_The problem_
If a line in the entries below holds the string "that", copy it.

━━━━━━━━━━━━━━━━━━━━

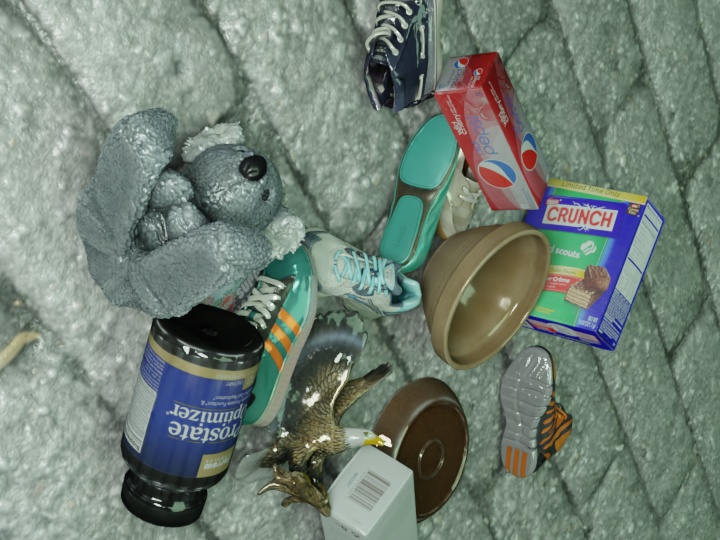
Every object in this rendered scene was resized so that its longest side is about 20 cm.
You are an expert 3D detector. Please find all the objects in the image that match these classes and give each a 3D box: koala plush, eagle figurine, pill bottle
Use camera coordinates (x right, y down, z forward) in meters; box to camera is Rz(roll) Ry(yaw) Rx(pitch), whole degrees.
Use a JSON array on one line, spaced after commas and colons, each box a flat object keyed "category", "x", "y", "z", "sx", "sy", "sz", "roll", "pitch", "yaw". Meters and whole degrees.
[{"category": "koala plush", "x": -0.148, "y": -0.060, "z": 1.122, "sx": 0.178, "sy": 0.184, "sz": 0.200, "roll": 51, "pitch": 42, "yaw": 2}, {"category": "eagle figurine", "x": -0.042, "y": 0.163, "z": 1.324, "sx": 0.149, "sy": 0.152, "sz": 0.202, "roll": 20, "pitch": 61, "yaw": -20}, {"category": "pill bottle", "x": -0.170, "y": 0.142, "z": 1.160, "sx": 0.111, "sy": 0.111, "sz": 0.202, "roll": -5, "pitch": 120, "yaw": -47}]

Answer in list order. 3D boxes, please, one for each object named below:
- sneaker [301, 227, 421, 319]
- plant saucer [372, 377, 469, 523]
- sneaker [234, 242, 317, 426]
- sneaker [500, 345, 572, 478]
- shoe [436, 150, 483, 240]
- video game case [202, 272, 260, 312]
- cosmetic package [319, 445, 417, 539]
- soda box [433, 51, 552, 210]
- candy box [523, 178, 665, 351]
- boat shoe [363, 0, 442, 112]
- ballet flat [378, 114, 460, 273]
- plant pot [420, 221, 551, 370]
[{"category": "sneaker", "x": 0.000, "y": 0.000, "z": 1.340, "sx": 0.199, "sy": 0.085, "sz": 0.079, "roll": 25, "pitch": 67, "yaw": -53}, {"category": "plant saucer", "x": 0.082, "y": 0.241, "z": 1.548, "sx": 0.199, "sy": 0.034, "sz": 0.203, "roll": -15, "pitch": 110, "yaw": -46}, {"category": "sneaker", "x": -0.104, "y": 0.064, "z": 1.237, "sx": 0.080, "sy": 0.071, "sz": 0.202, "roll": 14, "pitch": 91, "yaw": -53}, {"category": "sneaker", "x": 0.257, "y": 0.190, "z": 1.710, "sx": 0.112, "sy": 0.077, "sz": 0.202, "roll": -21, "pitch": 125, "yaw": -48}, {"category": "shoe", "x": 0.129, "y": -0.134, "z": 1.485, "sx": 0.069, "sy": 0.053, "sz": 0.203, "roll": -4, "pitch": 103, "yaw": -47}, {"category": "video game case", "x": -0.131, "y": -0.006, "z": 1.255, "sx": 0.143, "sy": 0.017, "sz": 0.201, "roll": -48, "pitch": 131, "yaw": -28}, {"category": "cosmetic package", "x": 0.013, "y": 0.305, "z": 1.413, "sx": 0.102, "sy": 0.074, "sz": 0.201, "roll": -48, "pitch": 153, "yaw": -30}, {"category": "soda box", "x": 0.160, "y": -0.161, "z": 1.414, "sx": 0.201, "sy": 0.069, "sz": 0.064, "roll": 57, "pitch": 46, "yaw": -39}, {"category": "candy box", "x": 0.295, "y": -0.013, "z": 1.617, "sx": 0.077, "sy": 0.168, "sz": 0.202, "roll": 40, "pitch": 70, "yaw": -49}, {"category": "boat shoe", "x": 0.043, "y": -0.274, "z": 1.334, "sx": 0.093, "sy": 0.074, "sz": 0.202, "roll": -39, "pitch": 128, "yaw": -44}, {"category": "ballet flat", "x": 0.073, "y": -0.090, "z": 1.439, "sx": 0.070, "sy": 0.067, "sz": 0.202, "roll": 42, "pitch": 67, "yaw": -71}, {"category": "plant pot", "x": 0.141, "y": 0.015, "z": 1.488, "sx": 0.200, "sy": 0.092, "sz": 0.202, "roll": -34, "pitch": 144, "yaw": -29}]

━━━━━━━━━━━━━━━━━━━━

_Response below_
Every object in this rendered scene was resized so that its longest side is about 20 cm.
You are an expert 3D detector. Please find all the objects in the image that match these classes and give each a 3D box: koala plush, eagle figurine, pill bottle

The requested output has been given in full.